Provided entries START

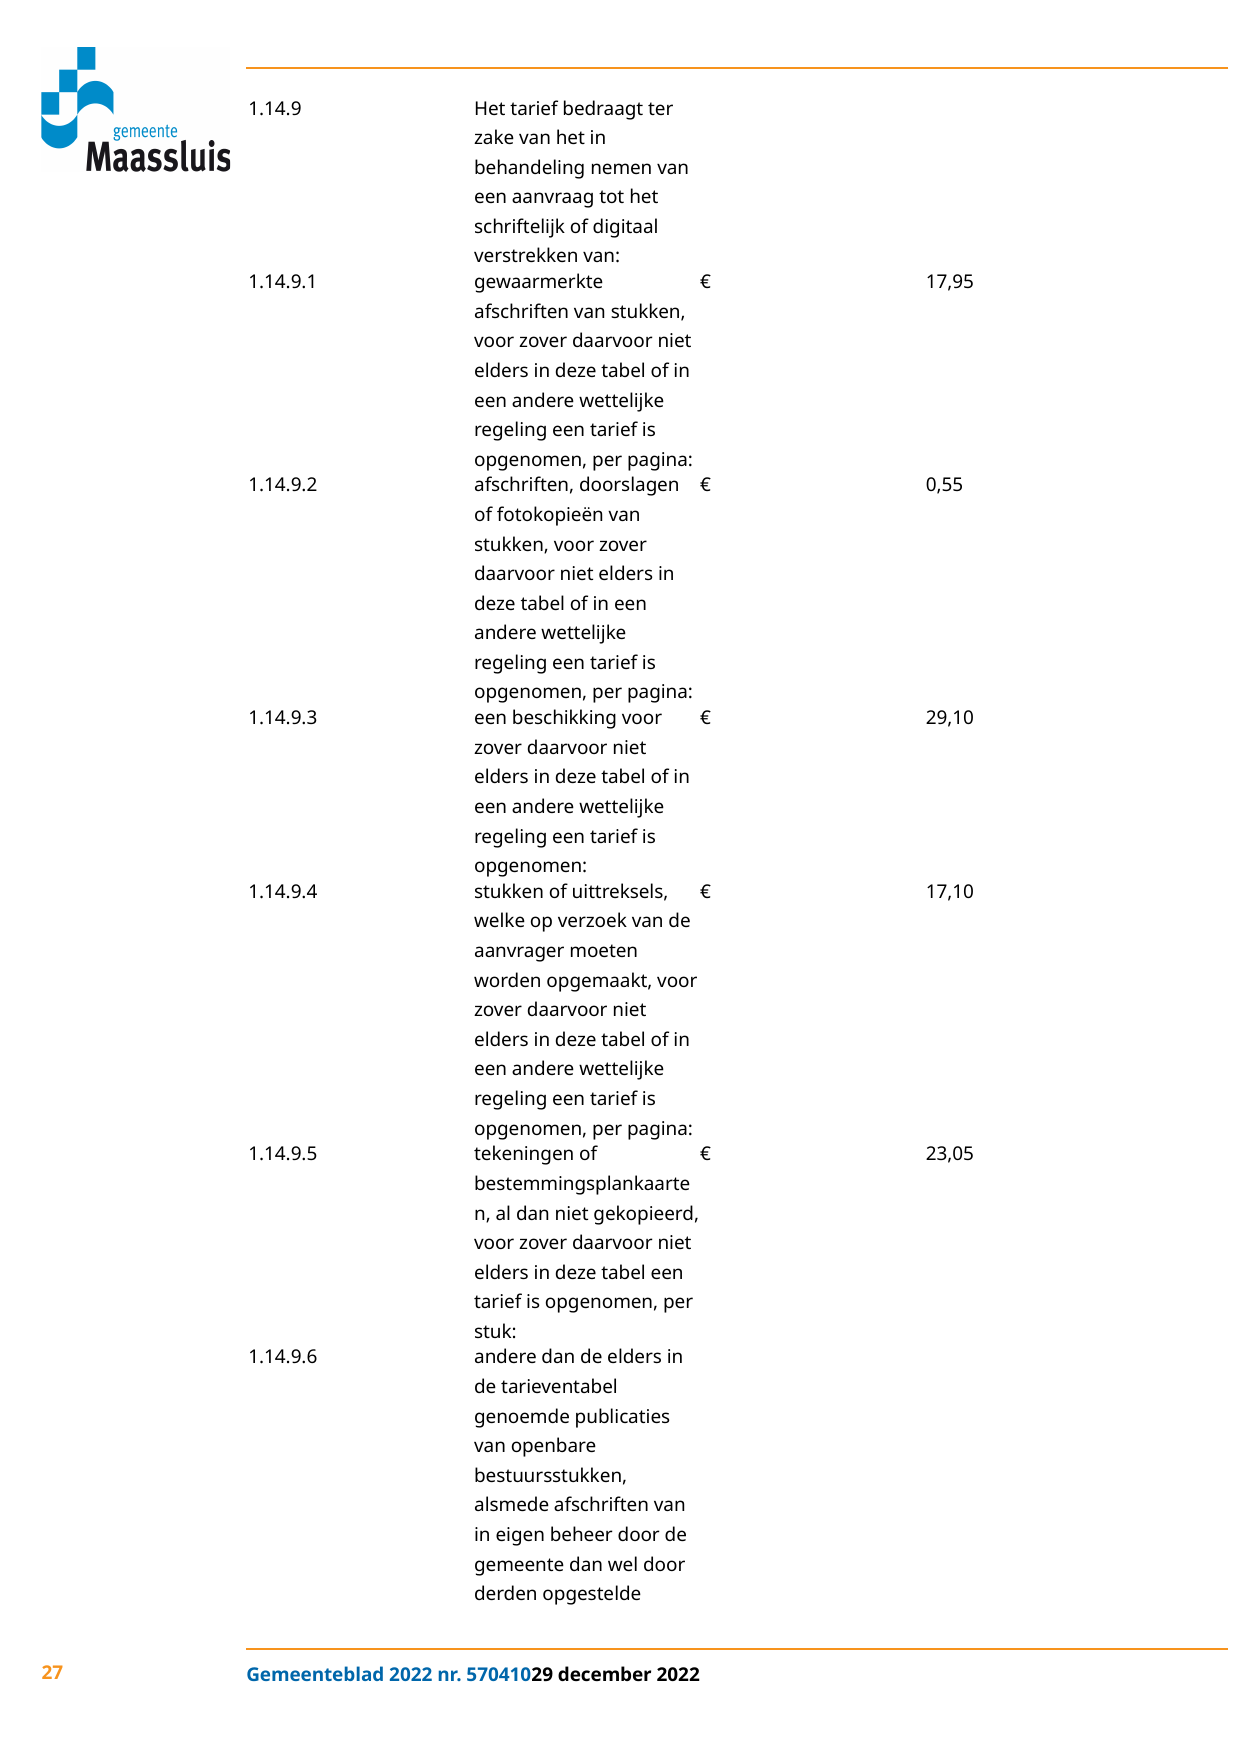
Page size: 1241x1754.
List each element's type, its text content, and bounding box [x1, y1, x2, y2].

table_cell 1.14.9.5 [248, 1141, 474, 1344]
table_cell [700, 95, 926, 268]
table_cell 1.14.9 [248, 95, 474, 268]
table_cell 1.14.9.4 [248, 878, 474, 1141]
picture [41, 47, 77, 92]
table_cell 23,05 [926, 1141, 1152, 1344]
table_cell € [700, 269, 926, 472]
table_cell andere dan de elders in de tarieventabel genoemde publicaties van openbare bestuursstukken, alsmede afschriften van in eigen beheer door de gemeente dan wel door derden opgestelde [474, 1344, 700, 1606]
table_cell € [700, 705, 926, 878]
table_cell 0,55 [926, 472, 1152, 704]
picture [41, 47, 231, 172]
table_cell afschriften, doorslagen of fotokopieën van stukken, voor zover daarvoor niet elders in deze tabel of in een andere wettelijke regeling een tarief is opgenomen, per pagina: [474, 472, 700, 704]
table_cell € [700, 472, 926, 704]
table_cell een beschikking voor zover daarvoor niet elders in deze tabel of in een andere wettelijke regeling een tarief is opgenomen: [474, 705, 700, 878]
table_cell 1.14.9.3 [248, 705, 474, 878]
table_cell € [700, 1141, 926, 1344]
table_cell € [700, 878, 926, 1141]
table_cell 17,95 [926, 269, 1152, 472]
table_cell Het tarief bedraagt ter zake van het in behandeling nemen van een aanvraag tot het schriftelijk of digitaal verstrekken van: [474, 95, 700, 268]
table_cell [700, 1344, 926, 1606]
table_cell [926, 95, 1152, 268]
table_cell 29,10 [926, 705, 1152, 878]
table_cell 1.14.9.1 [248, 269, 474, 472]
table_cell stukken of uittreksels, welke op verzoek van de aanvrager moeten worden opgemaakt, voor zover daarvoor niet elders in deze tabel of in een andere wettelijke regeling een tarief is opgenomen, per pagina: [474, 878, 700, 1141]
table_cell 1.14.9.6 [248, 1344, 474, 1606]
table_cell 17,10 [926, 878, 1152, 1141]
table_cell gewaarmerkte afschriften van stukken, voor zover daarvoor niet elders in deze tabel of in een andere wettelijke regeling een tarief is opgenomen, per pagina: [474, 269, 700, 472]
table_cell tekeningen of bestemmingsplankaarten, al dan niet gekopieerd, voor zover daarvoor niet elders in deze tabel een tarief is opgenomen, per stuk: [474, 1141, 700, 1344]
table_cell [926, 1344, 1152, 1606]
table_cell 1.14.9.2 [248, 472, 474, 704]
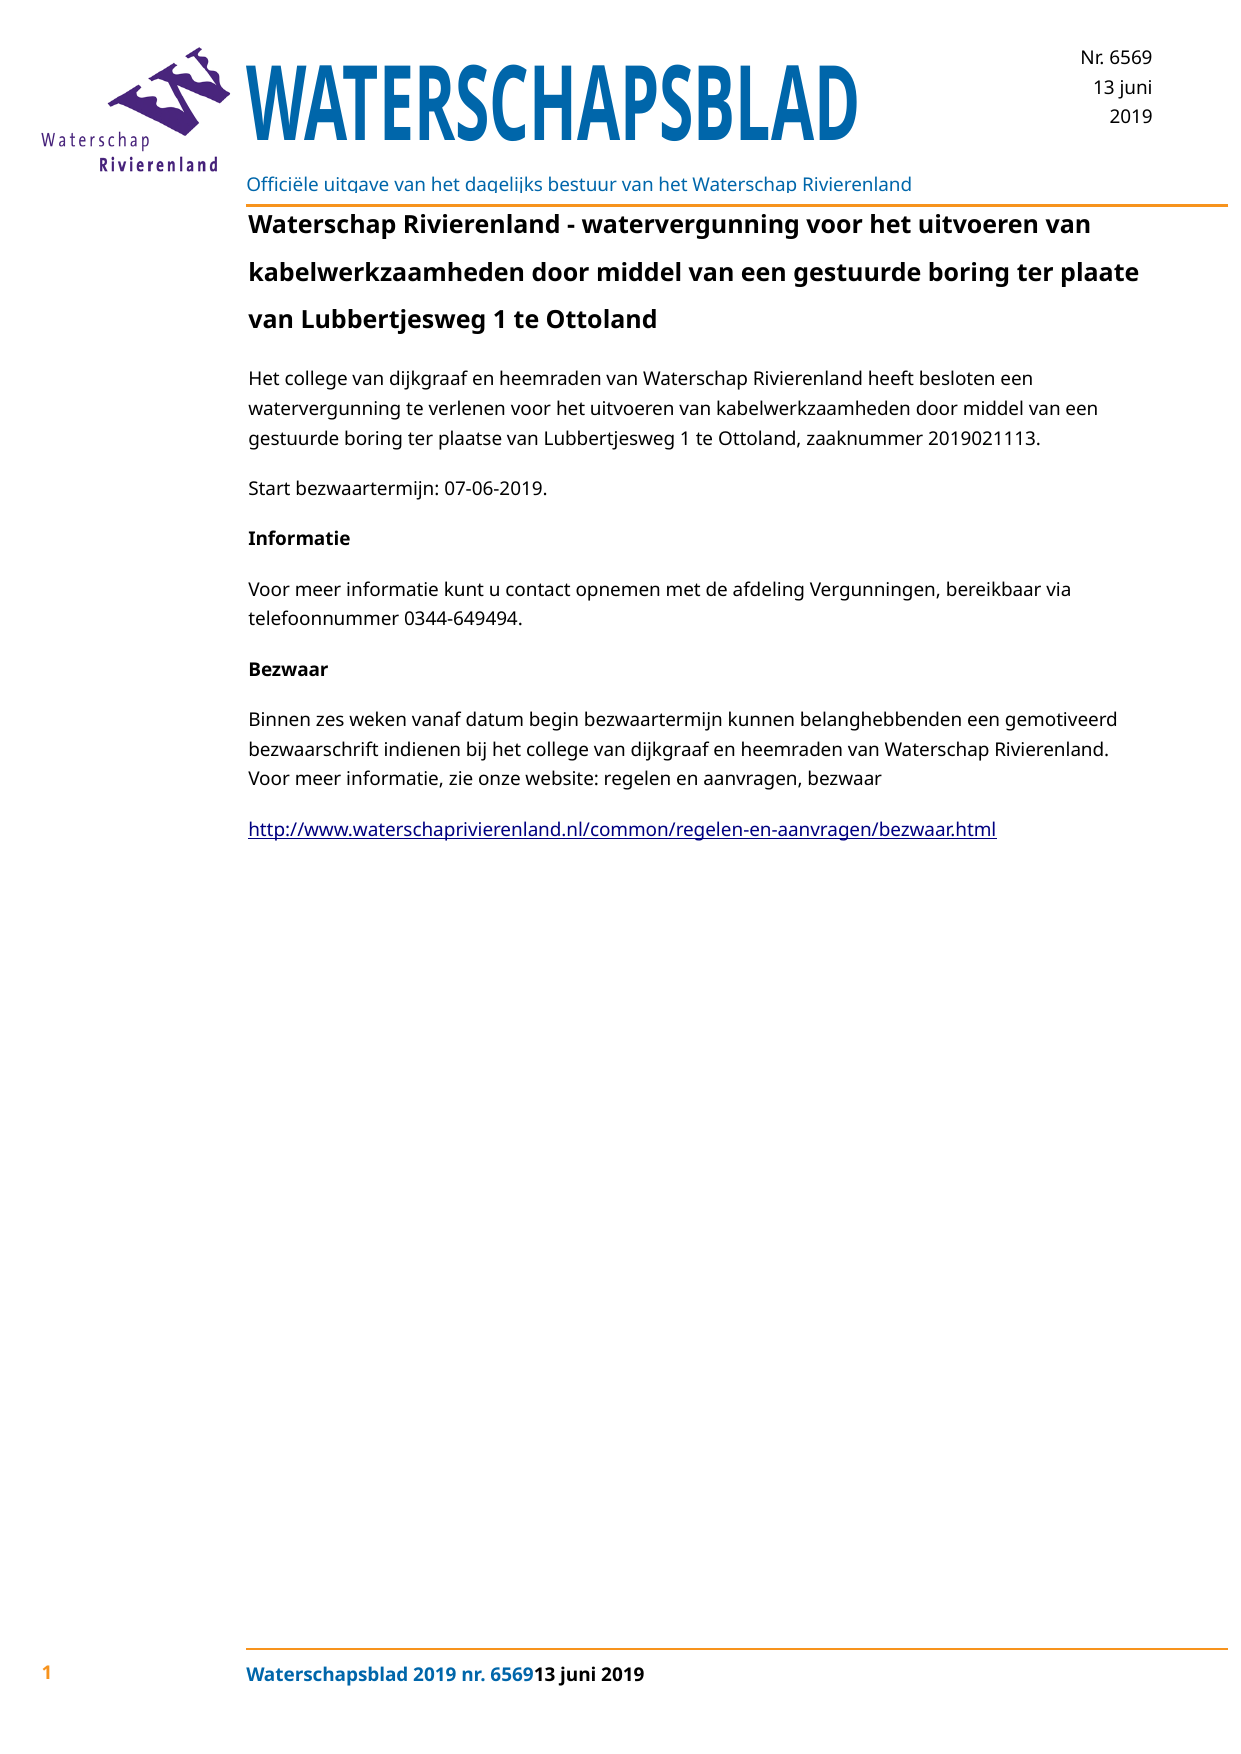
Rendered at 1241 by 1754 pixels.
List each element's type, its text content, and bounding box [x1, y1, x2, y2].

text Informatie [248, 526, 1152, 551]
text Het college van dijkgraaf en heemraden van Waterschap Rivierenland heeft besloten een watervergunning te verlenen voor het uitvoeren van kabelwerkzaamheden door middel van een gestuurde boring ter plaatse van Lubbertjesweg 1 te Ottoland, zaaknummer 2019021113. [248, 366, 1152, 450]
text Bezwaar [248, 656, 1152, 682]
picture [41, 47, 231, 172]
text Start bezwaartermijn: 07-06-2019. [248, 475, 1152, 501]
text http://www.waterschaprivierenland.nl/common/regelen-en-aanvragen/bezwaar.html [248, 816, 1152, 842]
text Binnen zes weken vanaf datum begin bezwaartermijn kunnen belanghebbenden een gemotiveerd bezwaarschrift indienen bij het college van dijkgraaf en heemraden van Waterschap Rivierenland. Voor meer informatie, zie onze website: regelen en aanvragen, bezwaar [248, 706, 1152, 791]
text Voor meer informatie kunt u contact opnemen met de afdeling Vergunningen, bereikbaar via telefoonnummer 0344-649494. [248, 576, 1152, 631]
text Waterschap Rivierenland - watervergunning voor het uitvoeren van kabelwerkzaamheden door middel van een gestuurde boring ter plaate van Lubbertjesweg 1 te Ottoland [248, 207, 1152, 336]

Provided entries END

-- Problem requirements --
Go through the records above. Copy each line in which the string "gestuurde" appears.

-- Solution to this task --
text Het college van dijkgraaf en heemraden van Waterschap Rivierenland heeft besloten een watervergunning te verlenen voor het uitvoeren van kabelwerkzaamheden door middel van een gestuurde boring ter plaatse van Lubbertjesweg 1 te Ottoland, zaaknummer 2019021113. [248, 366, 1152, 450]
text Waterschap Rivierenland - watervergunning voor het uitvoeren van kabelwerkzaamheden door middel van een gestuurde boring ter plaate van Lubbertjesweg 1 te Ottoland [248, 207, 1152, 336]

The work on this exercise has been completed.